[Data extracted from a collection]
========================================

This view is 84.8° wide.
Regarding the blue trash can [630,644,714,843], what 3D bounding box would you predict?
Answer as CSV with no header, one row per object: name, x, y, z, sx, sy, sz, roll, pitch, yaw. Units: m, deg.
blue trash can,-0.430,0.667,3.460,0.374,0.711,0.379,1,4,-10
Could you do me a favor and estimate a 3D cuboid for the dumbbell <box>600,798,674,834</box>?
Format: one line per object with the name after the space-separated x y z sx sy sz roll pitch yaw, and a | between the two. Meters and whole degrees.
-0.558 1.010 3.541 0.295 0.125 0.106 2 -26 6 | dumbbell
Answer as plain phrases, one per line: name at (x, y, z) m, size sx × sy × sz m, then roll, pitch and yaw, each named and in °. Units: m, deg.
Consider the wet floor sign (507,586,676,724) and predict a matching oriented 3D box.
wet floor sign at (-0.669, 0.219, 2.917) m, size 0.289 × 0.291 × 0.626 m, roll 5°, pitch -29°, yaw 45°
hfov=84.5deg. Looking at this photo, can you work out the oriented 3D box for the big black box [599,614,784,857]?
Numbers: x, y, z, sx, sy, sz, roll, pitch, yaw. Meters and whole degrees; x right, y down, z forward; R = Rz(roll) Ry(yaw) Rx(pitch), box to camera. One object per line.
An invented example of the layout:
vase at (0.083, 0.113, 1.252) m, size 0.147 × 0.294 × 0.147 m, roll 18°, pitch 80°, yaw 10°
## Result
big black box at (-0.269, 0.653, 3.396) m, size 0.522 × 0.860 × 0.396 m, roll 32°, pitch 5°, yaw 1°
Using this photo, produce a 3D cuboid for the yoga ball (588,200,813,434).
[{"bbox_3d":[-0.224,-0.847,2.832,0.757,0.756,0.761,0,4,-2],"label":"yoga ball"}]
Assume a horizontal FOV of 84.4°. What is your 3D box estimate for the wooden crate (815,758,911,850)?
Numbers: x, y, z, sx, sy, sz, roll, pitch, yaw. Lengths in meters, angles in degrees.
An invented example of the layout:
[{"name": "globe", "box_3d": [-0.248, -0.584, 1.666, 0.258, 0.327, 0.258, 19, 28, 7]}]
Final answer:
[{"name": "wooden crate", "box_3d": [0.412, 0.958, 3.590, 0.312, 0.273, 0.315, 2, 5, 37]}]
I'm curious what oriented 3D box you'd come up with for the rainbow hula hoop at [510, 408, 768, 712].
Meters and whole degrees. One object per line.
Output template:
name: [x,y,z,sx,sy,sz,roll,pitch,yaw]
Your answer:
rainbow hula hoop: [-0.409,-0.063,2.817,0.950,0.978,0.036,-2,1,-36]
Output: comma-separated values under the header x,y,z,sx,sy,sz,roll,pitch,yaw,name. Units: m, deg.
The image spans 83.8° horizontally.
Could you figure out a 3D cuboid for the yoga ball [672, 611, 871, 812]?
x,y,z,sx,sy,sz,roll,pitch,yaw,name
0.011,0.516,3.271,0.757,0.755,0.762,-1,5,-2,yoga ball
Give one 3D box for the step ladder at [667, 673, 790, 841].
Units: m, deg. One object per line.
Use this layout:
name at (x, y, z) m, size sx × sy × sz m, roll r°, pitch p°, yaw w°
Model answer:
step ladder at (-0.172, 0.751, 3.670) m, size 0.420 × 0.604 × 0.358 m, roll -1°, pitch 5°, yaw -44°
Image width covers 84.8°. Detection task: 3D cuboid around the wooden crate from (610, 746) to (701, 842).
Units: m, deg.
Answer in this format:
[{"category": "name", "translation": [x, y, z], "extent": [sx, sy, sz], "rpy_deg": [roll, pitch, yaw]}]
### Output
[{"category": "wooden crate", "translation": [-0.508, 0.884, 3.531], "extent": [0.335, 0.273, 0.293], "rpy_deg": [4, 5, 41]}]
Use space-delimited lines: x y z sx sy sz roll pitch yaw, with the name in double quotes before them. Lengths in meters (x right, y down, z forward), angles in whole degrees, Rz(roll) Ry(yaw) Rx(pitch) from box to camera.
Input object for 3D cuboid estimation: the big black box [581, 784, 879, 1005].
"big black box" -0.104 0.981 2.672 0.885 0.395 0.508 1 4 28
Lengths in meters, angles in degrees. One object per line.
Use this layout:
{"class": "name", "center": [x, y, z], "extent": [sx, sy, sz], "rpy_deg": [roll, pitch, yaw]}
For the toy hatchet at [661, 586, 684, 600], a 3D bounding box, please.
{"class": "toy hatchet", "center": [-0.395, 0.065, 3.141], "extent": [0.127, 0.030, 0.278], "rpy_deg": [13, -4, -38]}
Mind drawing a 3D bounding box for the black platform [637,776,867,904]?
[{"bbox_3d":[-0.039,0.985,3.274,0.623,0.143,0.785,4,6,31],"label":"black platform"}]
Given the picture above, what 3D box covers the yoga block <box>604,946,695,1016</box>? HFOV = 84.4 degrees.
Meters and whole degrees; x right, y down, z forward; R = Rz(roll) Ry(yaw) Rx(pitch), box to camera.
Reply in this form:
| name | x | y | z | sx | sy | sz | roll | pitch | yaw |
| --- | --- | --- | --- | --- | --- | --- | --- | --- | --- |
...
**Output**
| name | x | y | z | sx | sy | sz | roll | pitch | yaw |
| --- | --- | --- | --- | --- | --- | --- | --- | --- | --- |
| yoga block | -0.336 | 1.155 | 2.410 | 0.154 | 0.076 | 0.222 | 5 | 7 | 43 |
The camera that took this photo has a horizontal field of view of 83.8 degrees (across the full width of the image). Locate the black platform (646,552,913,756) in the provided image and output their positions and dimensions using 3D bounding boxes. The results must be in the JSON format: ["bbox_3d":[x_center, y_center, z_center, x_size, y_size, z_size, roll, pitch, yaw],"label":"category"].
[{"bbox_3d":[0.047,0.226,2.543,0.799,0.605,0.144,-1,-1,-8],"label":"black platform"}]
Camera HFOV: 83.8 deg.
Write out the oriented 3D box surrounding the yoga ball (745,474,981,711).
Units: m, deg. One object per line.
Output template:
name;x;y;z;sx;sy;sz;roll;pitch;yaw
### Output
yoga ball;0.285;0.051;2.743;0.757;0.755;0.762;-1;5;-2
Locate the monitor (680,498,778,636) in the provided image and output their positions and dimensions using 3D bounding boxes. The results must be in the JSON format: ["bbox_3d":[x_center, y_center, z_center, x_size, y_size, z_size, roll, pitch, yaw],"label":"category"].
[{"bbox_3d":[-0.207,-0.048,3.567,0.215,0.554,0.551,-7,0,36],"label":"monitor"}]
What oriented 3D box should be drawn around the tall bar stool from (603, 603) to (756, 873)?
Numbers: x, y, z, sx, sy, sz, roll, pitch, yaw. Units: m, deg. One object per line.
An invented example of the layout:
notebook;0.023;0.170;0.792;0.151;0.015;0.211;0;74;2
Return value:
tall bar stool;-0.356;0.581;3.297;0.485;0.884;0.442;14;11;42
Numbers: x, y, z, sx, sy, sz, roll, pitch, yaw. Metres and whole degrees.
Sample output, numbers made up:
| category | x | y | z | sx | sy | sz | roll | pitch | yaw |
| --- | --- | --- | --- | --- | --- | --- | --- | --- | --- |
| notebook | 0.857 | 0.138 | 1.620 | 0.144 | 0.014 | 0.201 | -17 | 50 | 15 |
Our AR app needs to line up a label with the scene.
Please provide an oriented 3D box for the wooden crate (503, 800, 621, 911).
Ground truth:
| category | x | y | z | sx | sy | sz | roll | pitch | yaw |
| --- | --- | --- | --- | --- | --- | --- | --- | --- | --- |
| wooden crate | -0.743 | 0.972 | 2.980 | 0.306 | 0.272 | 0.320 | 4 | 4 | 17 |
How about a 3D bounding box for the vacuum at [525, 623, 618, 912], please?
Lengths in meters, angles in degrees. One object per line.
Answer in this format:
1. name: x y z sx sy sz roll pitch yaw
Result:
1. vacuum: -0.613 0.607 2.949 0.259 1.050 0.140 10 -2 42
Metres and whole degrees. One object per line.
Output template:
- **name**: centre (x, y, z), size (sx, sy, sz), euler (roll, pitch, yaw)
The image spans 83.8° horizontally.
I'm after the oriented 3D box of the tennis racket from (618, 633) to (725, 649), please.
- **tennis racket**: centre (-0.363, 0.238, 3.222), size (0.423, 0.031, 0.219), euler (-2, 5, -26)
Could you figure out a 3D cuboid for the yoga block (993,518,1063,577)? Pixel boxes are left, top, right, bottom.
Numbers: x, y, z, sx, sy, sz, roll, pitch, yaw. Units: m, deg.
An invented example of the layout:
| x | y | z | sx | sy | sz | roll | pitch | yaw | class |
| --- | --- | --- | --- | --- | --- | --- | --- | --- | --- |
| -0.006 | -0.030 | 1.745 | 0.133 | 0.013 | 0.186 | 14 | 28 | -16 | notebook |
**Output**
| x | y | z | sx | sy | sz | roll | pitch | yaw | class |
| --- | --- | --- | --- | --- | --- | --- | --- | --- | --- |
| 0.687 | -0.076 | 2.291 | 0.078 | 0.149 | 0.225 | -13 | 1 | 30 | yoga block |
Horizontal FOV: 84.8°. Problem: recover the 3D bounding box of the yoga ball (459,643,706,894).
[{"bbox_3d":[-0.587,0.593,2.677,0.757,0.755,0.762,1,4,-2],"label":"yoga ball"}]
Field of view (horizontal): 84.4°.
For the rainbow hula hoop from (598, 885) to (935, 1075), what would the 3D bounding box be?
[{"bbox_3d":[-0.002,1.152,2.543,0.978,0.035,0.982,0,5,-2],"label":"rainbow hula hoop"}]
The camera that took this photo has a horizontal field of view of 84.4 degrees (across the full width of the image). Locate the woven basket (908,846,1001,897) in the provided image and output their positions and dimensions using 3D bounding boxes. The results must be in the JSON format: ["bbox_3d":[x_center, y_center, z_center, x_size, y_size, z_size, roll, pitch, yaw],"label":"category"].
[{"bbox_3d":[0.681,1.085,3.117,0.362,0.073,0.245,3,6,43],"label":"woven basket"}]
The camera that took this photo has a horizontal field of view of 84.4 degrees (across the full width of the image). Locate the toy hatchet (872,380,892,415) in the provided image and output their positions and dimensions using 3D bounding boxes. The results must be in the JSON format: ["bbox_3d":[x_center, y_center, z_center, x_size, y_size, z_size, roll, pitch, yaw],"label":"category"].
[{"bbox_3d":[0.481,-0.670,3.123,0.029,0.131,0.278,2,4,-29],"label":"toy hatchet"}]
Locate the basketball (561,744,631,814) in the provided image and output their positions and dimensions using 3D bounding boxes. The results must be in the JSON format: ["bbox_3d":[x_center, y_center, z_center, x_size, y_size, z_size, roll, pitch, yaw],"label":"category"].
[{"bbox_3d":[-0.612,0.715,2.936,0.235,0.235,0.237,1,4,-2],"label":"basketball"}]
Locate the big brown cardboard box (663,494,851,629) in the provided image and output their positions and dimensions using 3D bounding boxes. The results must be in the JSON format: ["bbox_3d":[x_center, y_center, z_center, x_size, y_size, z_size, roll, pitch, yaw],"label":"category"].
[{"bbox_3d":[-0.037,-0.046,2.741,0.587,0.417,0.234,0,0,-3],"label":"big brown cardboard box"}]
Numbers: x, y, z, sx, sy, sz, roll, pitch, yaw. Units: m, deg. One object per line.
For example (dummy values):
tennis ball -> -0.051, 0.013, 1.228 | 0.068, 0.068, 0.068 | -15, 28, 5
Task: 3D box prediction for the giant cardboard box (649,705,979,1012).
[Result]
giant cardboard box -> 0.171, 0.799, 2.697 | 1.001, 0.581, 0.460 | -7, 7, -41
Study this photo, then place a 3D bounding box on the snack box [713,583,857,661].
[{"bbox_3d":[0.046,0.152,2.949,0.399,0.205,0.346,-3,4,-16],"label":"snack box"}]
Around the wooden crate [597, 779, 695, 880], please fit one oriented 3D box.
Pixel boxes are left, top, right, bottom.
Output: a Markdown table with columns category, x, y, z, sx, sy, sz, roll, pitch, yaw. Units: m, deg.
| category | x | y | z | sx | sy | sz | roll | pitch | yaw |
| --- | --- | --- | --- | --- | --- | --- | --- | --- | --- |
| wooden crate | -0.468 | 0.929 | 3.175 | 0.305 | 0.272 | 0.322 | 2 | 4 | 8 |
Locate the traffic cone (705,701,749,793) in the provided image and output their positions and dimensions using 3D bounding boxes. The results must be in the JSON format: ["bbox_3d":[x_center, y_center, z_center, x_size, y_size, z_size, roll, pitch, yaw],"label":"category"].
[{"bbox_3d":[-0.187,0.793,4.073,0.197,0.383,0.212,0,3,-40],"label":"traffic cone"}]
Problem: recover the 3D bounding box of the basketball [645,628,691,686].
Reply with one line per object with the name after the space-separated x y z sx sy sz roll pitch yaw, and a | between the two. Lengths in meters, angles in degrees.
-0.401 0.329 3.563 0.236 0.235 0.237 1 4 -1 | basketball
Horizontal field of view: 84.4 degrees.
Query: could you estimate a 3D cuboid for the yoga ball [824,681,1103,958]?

========================================

• **What the exercise asks**
Copy word for word the stretch of entries above from the line that has "Output: a Markdown" through the line that has "Problem: recover the 3D bounding box of the basketball", both ends included, and nothing outside it.

• **Written solution**
Output: a Markdown table with columns category, x, y, z, sx, sy, sz, roll, pitch, yaw. Units: m, deg.
| category | x | y | z | sx | sy | sz | roll | pitch | yaw |
| --- | --- | --- | --- | --- | --- | --- | --- | --- | --- |
| wooden crate | -0.468 | 0.929 | 3.175 | 0.305 | 0.272 | 0.322 | 2 | 4 | 8 |
Locate the traffic cone (705,701,749,793) in the provided image and output their positions and dimensions using 3D bounding boxes. The results must be in the JSON format: ["bbox_3d":[x_center, y_center, z_center, x_size, y_size, z_size, roll, pitch, yaw],"label":"category"].
[{"bbox_3d":[-0.187,0.793,4.073,0.197,0.383,0.212,0,3,-40],"label":"traffic cone"}]
Problem: recover the 3D bounding box of the basketball [645,628,691,686].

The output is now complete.